> [Entries provided]:
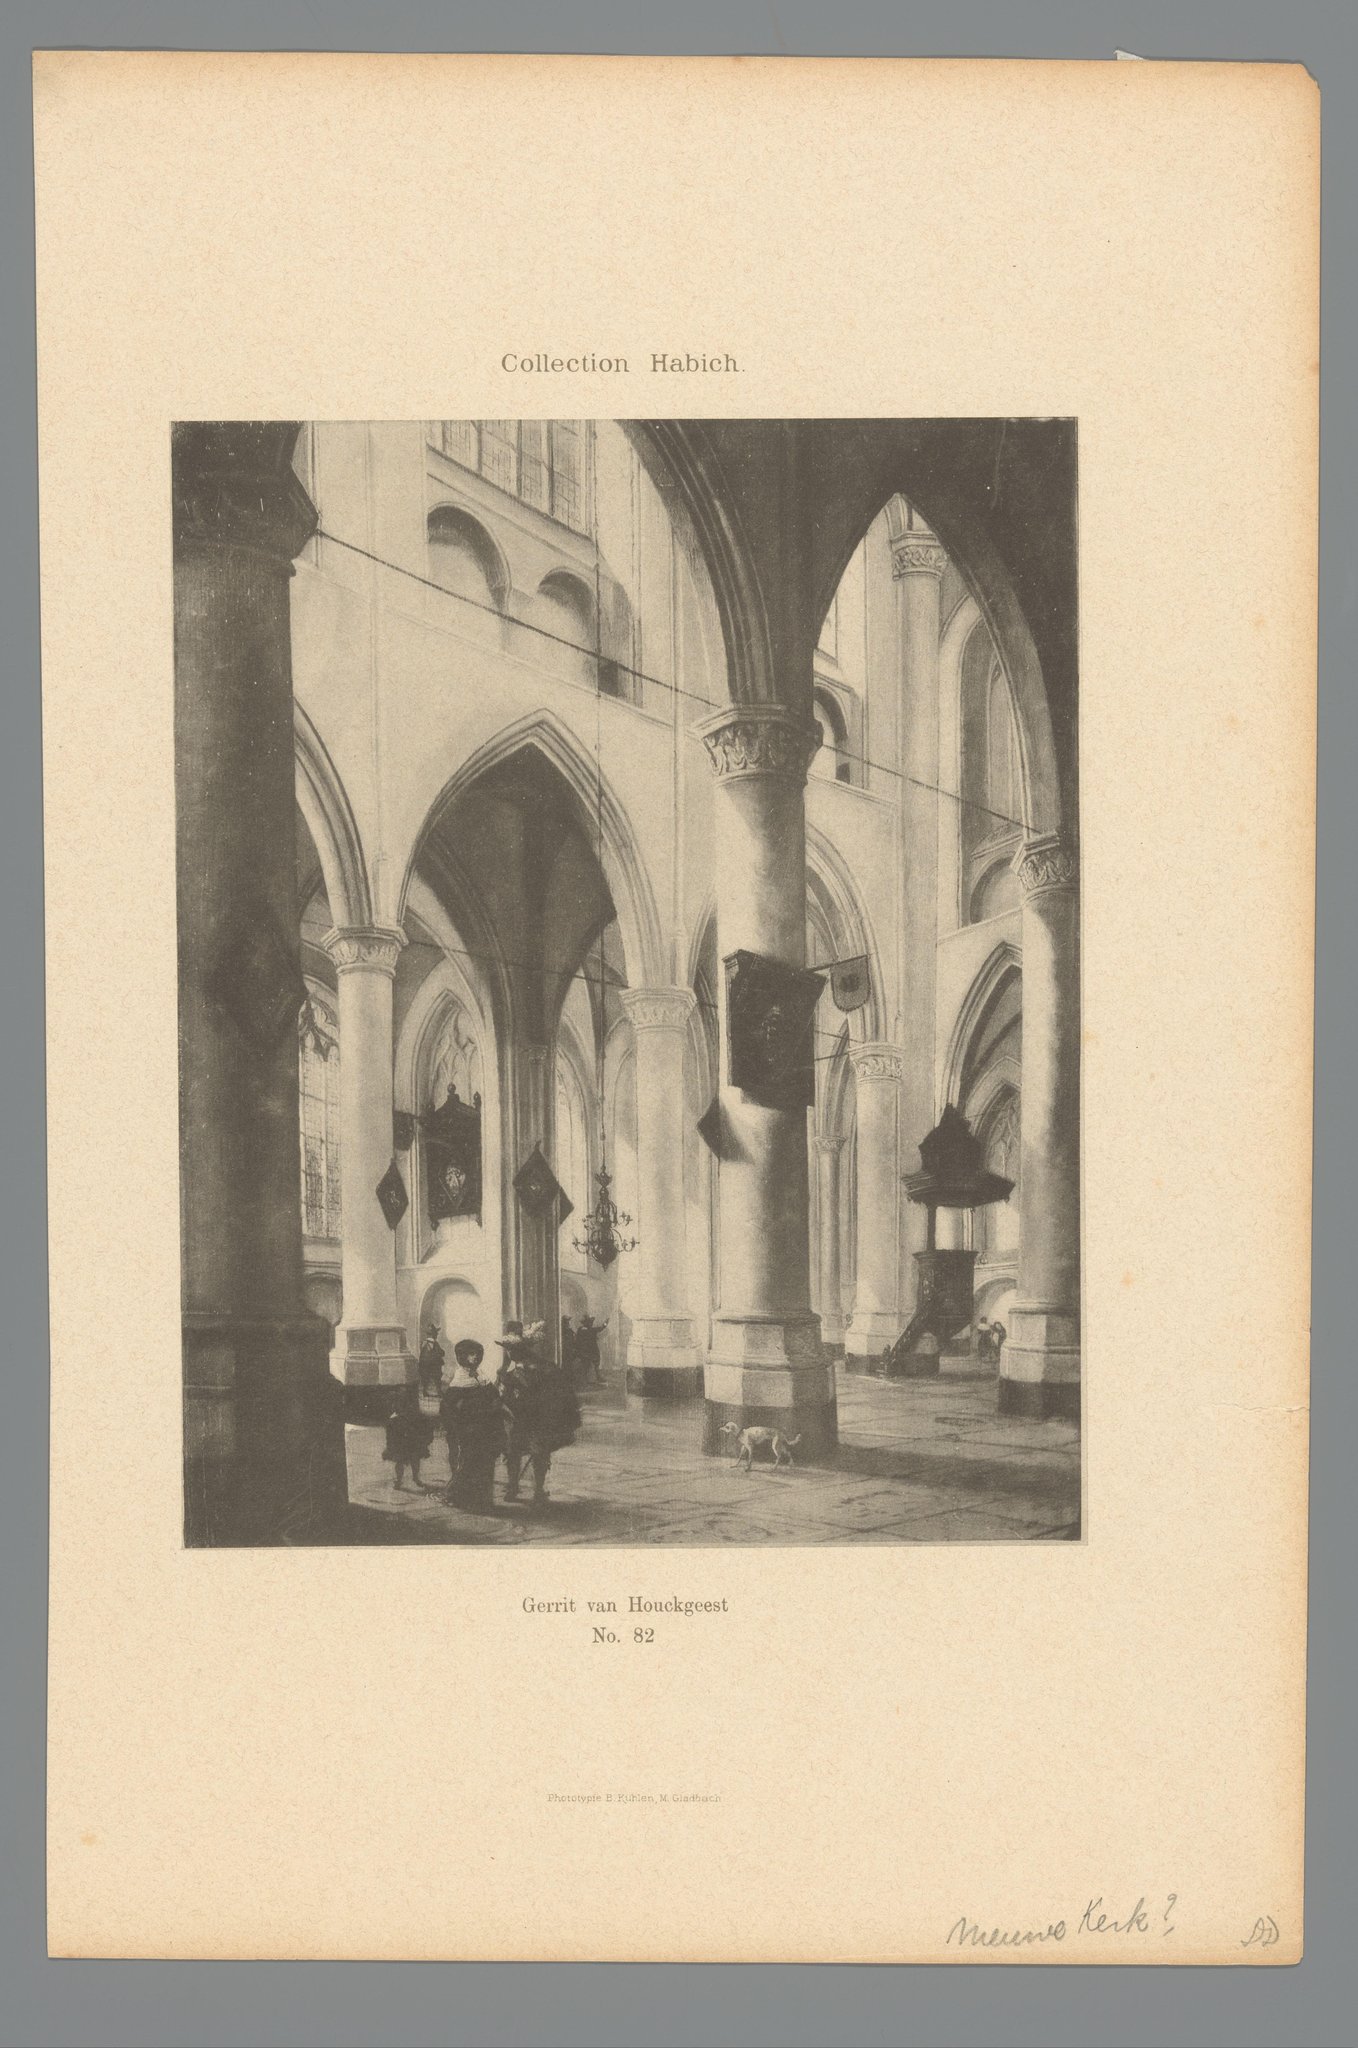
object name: photomechanical print
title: Reproductie van een schilderij van Gerard Houckgeest met het interieur van de Nieuwe Kerk te Delft
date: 1880-1910
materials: paper
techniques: photograph
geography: mönchengladbach
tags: interior of church
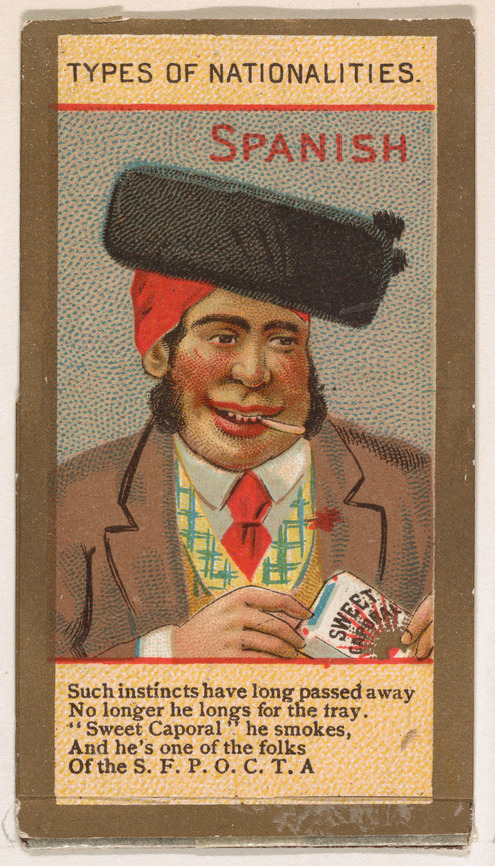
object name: print
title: Spanish, from Types of Nationalities (N240) issued by Kinney Bros.
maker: kinney brothers tobacco company
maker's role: publisher
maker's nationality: american
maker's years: 1869-2011
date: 1890
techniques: color lithograph
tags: men,smoking
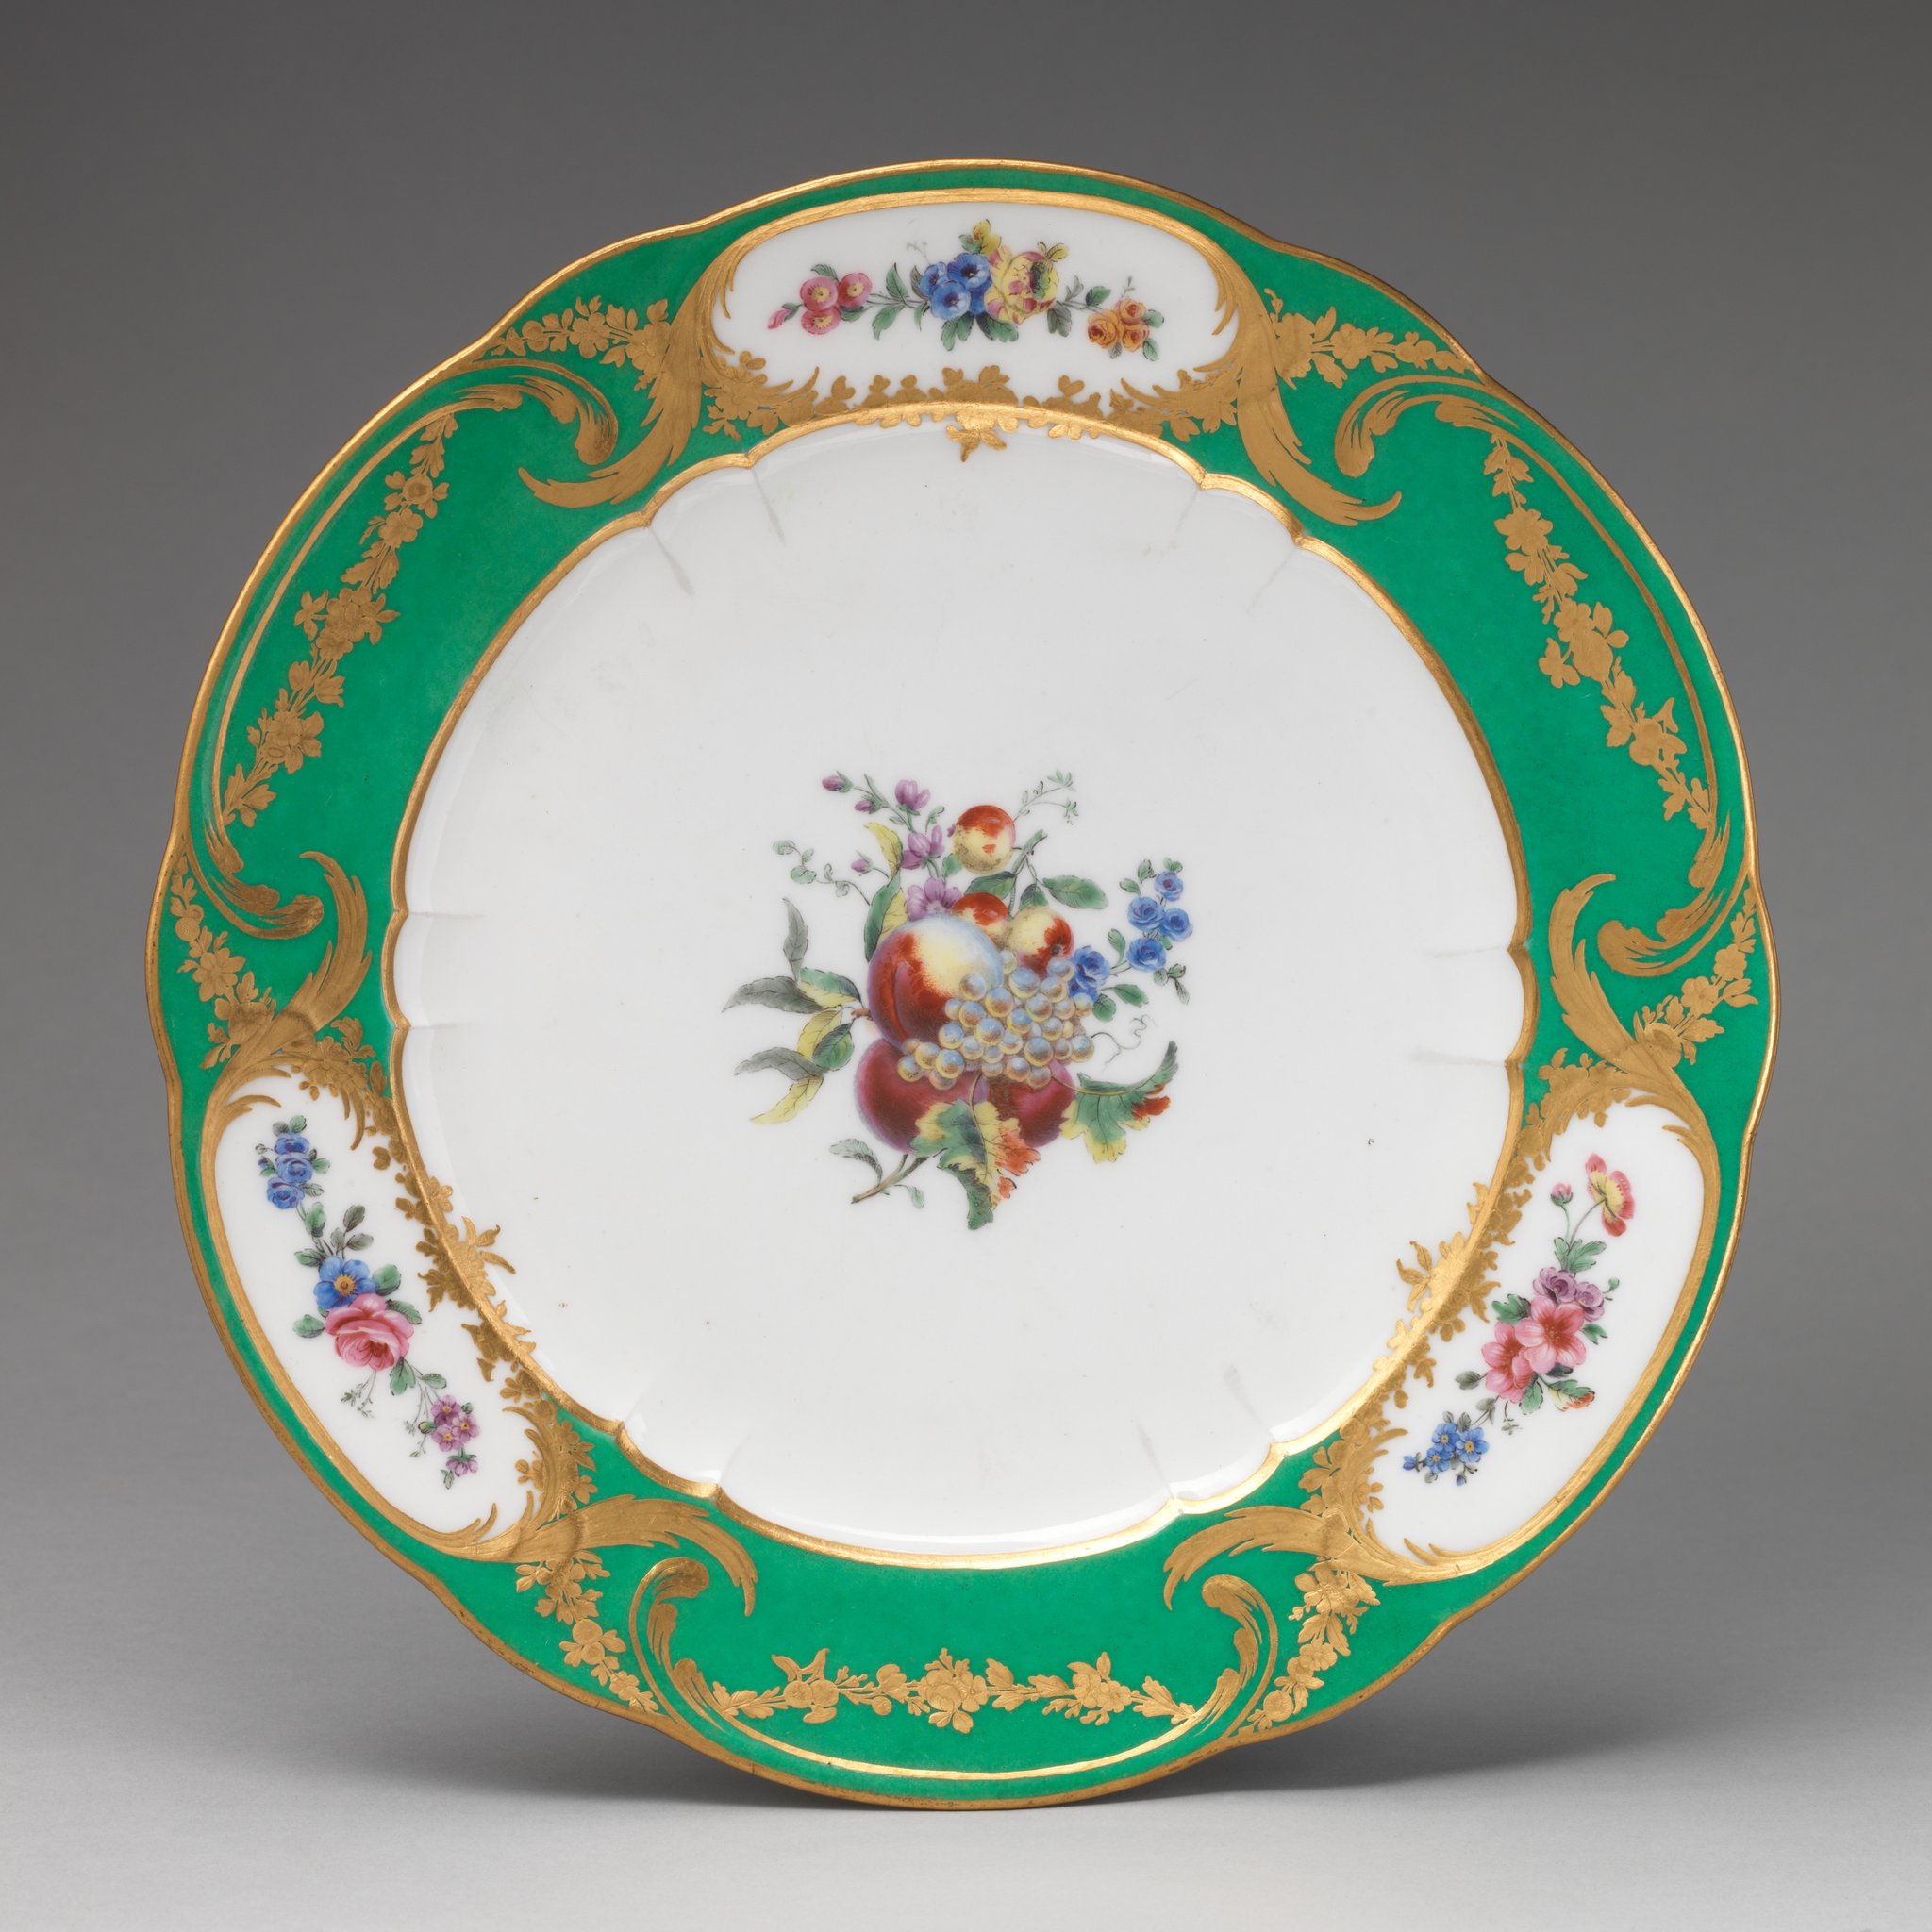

> [Problem requirements]: Excerpt from the records above: set down only the lines from the one that contains "materials: paper" through the one that contains "maker's nationality: american", inclusive, word for word. Pictures stay out.

> [Completed exercise]:
materials: paper
techniques: photograph
geography: mönchengladbach
tags: interior of church
object name: print
title: Spanish, from Types of Nationalities (N240) issued by Kinney Bros.
maker: kinney brothers tobacco company
maker's role: publisher
maker's nationality: american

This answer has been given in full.